A dataset for point cloud semantic segmentation of maize and tomato plants. The dataset contains 126 labeled 3D scans across two species, tomato (single label scheme) and maize (dual label scheme: collar-based and tip-based organ boundaries), with per-point labels identifying plant organs (e.g. stem, leaf).

Each sample includes:

  • points: an (N, 3) array of x, y, z point coordinates, N varies per scan
  • mask: an (N, 1) array of per-point organ labels (primary label scheme)
  • mask_2: an (N, 1) array of per-point organ labels (secondary label scheme, maize only; -1 where not applicable)

This dataset is indexed on https://project-agml.github.io/ as part of the AgML python library.
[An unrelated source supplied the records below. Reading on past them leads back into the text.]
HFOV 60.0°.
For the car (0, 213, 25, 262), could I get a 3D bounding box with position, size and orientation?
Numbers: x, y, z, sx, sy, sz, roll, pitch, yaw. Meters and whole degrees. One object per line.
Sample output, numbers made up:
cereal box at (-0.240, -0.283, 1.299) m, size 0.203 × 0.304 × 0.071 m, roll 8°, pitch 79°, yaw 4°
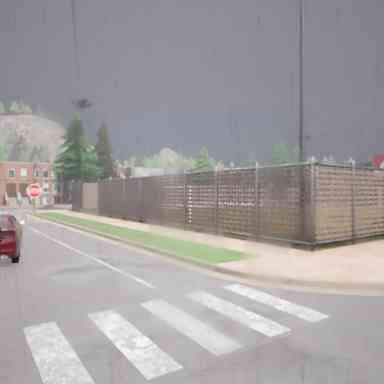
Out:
car at (-7.020, 1.479, 11.621) m, size 1.882 × 1.535 × 5.008 m, roll -1°, pitch 0°, yaw -25°

Note: this is AgML's first point cloud dataset. Naming follows the mask convention used for 2D semantic segmentation datasets in this organization, adapted for 3D point data (stored as Array2D with a dynamic first dimension rather than image masks).

Citation

@article{schunck2021pheno4d,
  title={Pheno4D: A spatio-temporal dataset of maize and tomato plant point clouds for phenotyping and advanced plant analysis},
  author={Schunck, David and Magistri, Federico and Rosu, Radu Alexandru and Corneli{\ss}en, Anne and Chebrolu, Nived and Paulus, Stefan and L{\'e}on, Jens and Behnke, Sven and Stachniss, Cyrill and Kuhlmann, Heiner and Klingbeil, Lasse},
  journal={PLOS ONE},
  volume={16},
  number={8},
  pages={1--18},
  year={2021},
  publisher={Public Library of Science},
  doi={10.1371/journal.pone.0256340}
}

Original dataset: https://www.ipb.uni-bonn.de/data/pheno4d/

This dataset was reformatted to match HuggingFace standards as part of AgML's point cloud dataset support.